So the difference between an optimist and a Christian is that the Christian has faith in what God will do while an optimist has faith in, well, I don’t know. Still, the optimist will do better in life than the pessimist just because positive expectation, even when illegitimate, is closer in character to faith than despair is. It aligns with what is most deeply true about the universe, so that even as borrowed capital it works pretty well.
The proof is that our inventors are mainly optimists. Thomas Edison looked at his flops as successes in eliminating unworkable solutions. He famously said after creating a commercially viable lightbulb: “I have not failed. I have just found 10,000 ways that don’t work.” I might add that optimists make more money and have less dementia than pessimists.
Our inventors are mainly optimists. Thomas Edison looked at his flops as successes in eliminating unworkable solutions.

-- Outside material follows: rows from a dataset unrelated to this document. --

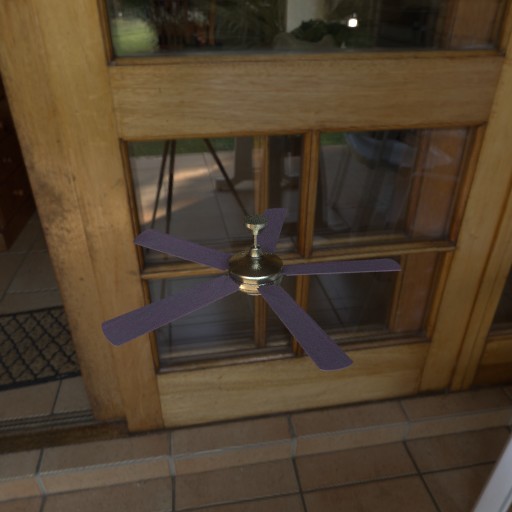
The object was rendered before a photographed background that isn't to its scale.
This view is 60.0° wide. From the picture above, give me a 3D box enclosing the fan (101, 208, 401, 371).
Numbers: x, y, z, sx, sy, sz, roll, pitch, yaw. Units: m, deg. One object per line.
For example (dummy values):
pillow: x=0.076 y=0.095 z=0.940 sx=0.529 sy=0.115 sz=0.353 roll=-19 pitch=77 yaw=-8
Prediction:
fan: x=0.000 y=0.000 z=1.962 sx=1.321 sy=0.356 sz=1.321 roll=-8 pitch=31 yaw=-13
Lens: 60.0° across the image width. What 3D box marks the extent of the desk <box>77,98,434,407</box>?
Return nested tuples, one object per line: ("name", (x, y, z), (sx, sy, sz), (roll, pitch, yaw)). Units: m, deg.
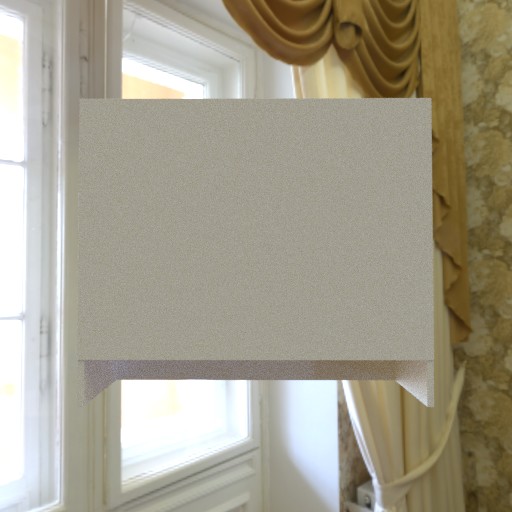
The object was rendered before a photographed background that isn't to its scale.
("desk", (0.000, 0.000, 1.636), (0.940, 0.818, 0.926), (0, -2, 0))
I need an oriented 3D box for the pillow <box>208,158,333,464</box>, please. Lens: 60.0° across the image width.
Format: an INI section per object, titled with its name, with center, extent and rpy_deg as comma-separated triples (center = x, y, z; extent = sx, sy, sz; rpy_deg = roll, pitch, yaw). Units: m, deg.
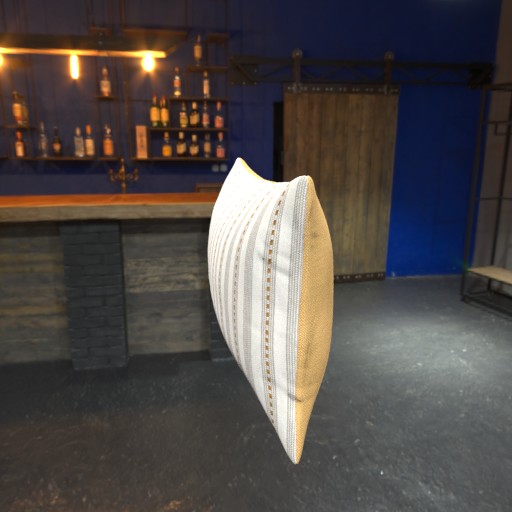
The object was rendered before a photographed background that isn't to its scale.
[pillow]
center = 0.000, 0.000, 0.709
extent = 0.151, 0.291, 0.608
rpy_deg = -2, 14, -8
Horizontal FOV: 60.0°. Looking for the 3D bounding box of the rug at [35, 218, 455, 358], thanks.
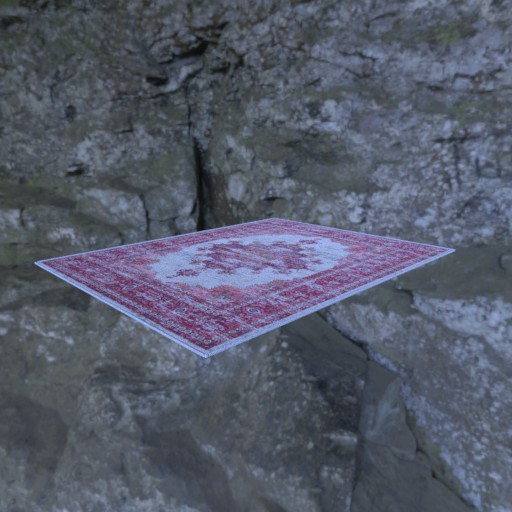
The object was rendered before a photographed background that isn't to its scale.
[{"bbox_3d":[0.000,0.000,4.144,3.123,0.017,2.447,-14,21,-43],"label":"rug"}]
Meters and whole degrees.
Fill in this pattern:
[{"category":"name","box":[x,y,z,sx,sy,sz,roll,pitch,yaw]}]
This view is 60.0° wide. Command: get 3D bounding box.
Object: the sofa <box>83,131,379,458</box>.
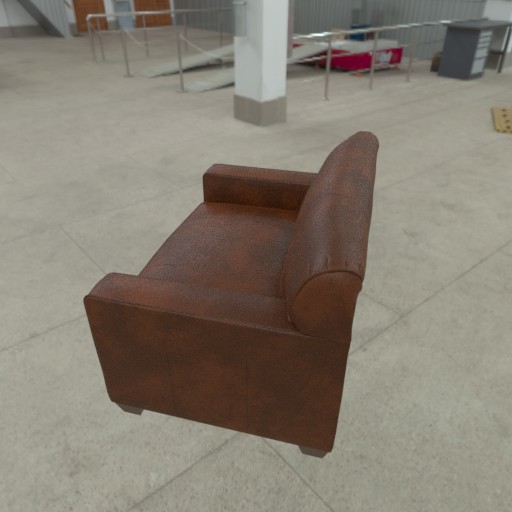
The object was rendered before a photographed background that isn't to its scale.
[{"category":"sofa","box":[0.000,0.000,2.119,1.000,0.956,1.413,8,33,13]}]
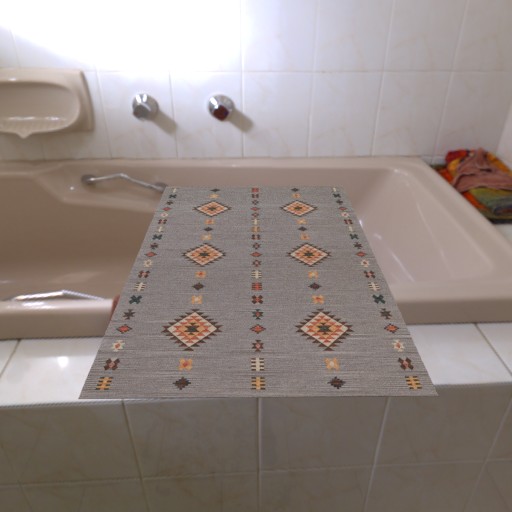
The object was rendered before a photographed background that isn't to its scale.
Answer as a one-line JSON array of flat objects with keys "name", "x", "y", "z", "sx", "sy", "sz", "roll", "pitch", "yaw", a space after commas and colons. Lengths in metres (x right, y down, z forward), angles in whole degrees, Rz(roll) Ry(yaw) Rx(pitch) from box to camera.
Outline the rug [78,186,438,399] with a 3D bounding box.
[{"name": "rug", "x": 0.000, "y": 0.000, "z": 2.270, "sx": 1.217, "sy": 0.005, "sz": 1.818, "roll": 0, "pitch": 32, "yaw": -1}]
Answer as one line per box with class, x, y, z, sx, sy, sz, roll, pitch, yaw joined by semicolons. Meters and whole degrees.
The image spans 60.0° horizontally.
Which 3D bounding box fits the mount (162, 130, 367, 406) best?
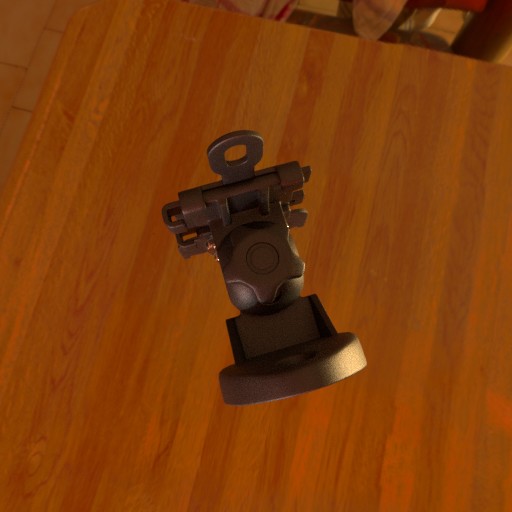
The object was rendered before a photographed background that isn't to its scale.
mount;0.000;0.000;0.176;0.066;0.118;0.100;-16;77;-4
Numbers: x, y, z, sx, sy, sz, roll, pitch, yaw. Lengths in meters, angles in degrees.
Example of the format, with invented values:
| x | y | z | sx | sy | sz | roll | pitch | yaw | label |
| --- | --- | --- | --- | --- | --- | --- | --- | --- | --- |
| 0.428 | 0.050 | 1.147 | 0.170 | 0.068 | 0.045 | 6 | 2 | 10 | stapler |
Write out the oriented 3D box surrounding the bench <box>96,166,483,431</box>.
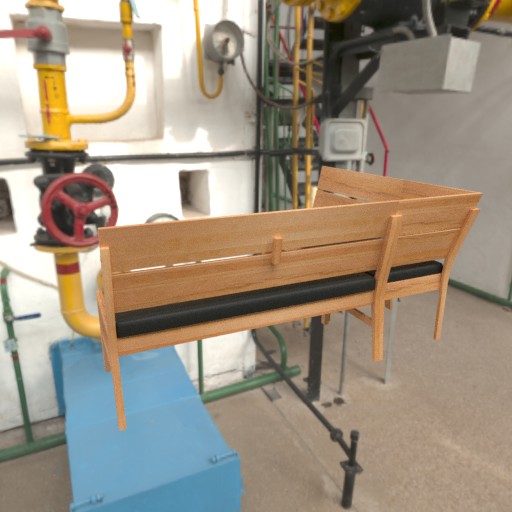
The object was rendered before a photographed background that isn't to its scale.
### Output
| x | y | z | sx | sy | sz | roll | pitch | yaw | label |
| --- | --- | --- | --- | --- | --- | --- | --- | --- | --- |
| 0.000 | 0.000 | 2.773 | 1.948 | 0.890 | 1.548 | -8 | 19 | -23 | bench |
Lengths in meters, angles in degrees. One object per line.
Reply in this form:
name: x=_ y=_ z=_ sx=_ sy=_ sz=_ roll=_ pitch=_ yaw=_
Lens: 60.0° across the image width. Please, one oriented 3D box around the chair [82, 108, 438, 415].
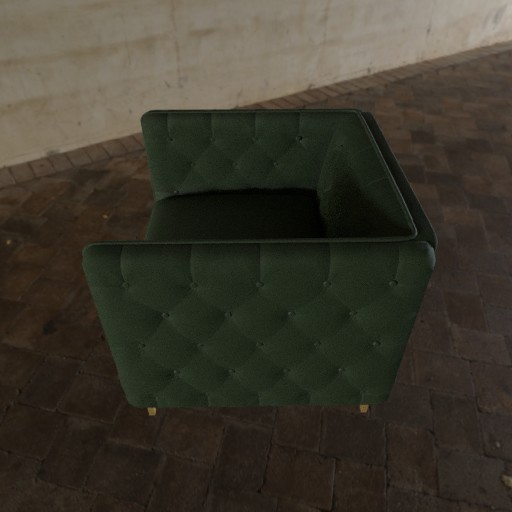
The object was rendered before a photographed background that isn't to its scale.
chair: x=0.000 y=0.000 z=1.575 sx=0.855 sy=0.768 sz=0.917 roll=-1 pitch=40 yaw=-1
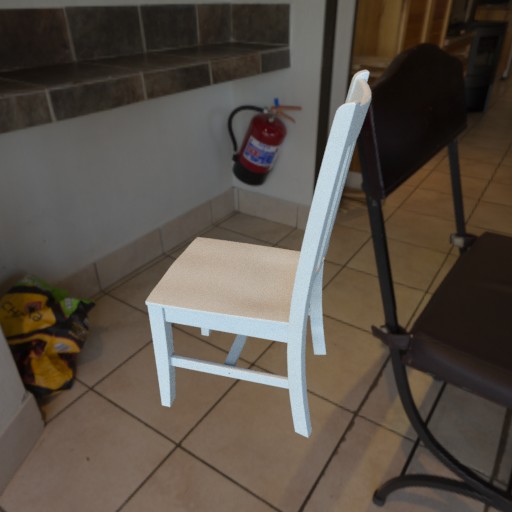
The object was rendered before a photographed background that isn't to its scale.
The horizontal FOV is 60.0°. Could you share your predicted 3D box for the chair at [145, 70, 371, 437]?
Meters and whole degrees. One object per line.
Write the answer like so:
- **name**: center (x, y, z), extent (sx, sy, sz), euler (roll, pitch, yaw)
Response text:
- **chair**: center (0.000, 0.000, 1.328), extent (0.555, 0.998, 0.450), euler (8, 31, 13)
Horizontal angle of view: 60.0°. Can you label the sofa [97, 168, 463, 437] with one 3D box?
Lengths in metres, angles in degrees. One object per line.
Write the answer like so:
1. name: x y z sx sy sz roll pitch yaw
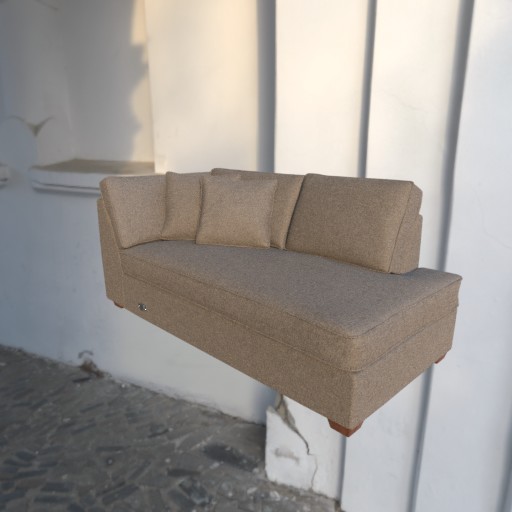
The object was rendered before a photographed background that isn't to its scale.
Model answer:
1. sofa: 0.000 0.000 2.857 2.237 1.033 1.110 15 22 43
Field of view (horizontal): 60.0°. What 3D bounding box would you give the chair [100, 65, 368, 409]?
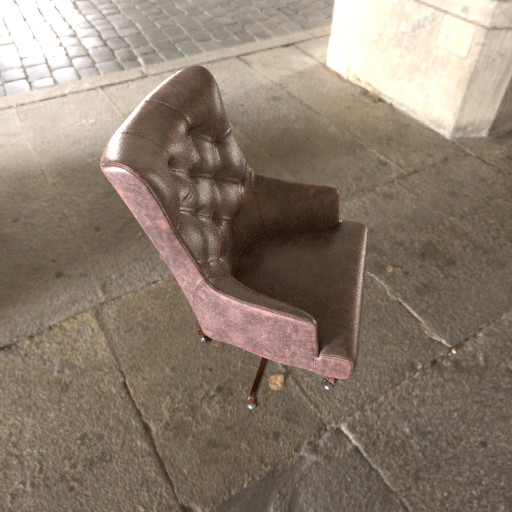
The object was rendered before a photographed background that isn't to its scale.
[{"bbox_3d":[0.000,0.000,1.525,0.762,1.035,0.641,10,47,9],"label":"chair"}]
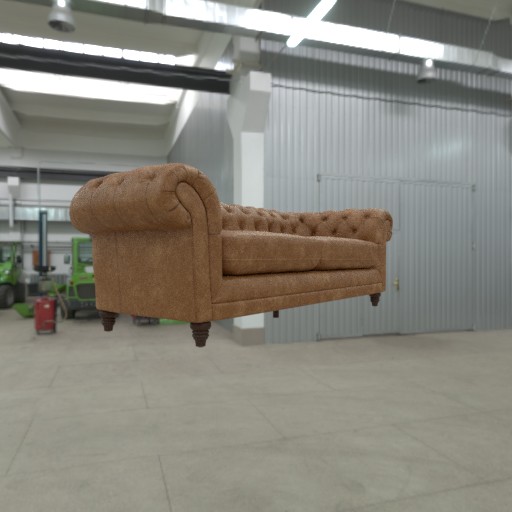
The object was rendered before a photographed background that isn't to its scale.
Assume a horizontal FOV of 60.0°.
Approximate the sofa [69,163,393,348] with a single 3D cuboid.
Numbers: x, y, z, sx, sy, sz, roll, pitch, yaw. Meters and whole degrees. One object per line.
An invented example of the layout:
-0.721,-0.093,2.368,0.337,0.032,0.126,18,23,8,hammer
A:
0.000,0.000,2.835,0.989,0.760,2.365,0,0,37,sofa
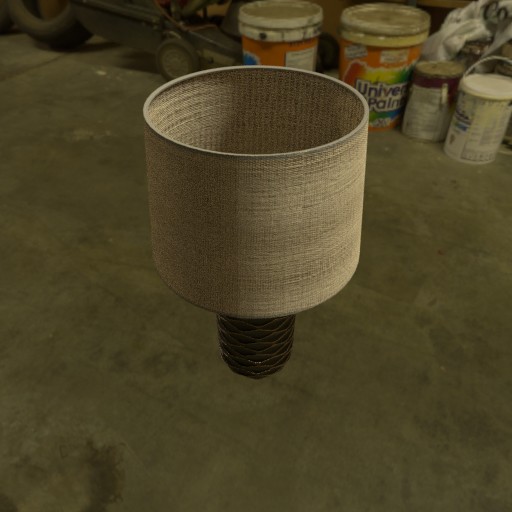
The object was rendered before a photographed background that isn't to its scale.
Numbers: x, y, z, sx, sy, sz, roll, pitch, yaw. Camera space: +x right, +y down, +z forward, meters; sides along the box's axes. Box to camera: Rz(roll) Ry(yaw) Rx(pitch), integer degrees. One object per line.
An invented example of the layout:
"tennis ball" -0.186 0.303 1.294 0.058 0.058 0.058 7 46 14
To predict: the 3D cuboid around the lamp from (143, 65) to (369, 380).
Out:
"lamp" 0.000 0.000 0.841 0.376 0.594 0.376 0 41 0
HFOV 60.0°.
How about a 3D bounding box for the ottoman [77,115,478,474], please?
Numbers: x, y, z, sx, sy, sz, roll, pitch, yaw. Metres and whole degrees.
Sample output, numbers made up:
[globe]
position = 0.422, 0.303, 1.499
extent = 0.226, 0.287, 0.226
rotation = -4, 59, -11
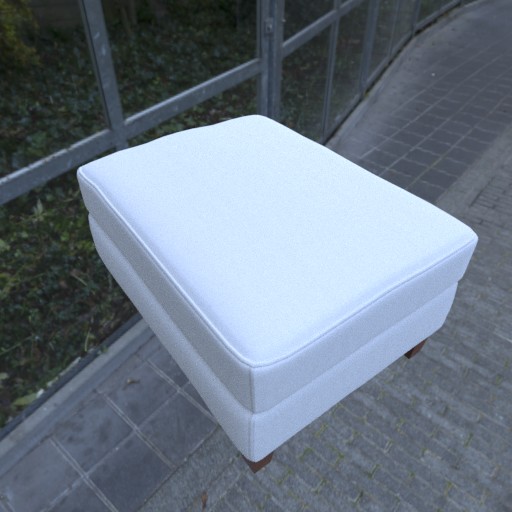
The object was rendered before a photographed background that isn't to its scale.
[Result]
[ottoman]
position = 0.000, 0.000, 1.170
extent = 0.634, 0.479, 0.818
rotation = -25, 46, -27
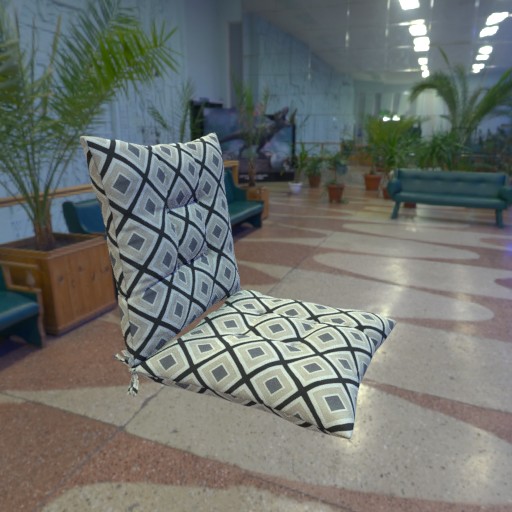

Your mother once told you about the tortoise and the hare. The tortoise won the race because he was an optimist. People say it’s because he was persistent, but he wouldn’t have been persistent if he hadn’t been optimistic first. Optimism precedes perseverance. The Apostle Paul observes that dynamic when saying that we have faith and love “because of the hope” (Colossians 1:5). No hope, no reason to get out of bed.
The pessimist’s problem is all in his eye. His eye is defective. He sees everything the same shade of blah, like the Dwarfs in The Last Battle. “Aslan raised his head and shook his mane. Instantly a glorious feast appeared on the Dwarfs’ knees: pies and tongues and pigeons and trifles and ices, and each Dwarf had a goblet of good wine in his right hand. But it wasn’t much use. They began eating and drinking greedily enough, but it was clear that they couldn’t taste it properly. They thought they were eating and drinking only the sort of things you might find in a stable. One said he was trying to eat hay and another said he had got a bit of an old turnip.”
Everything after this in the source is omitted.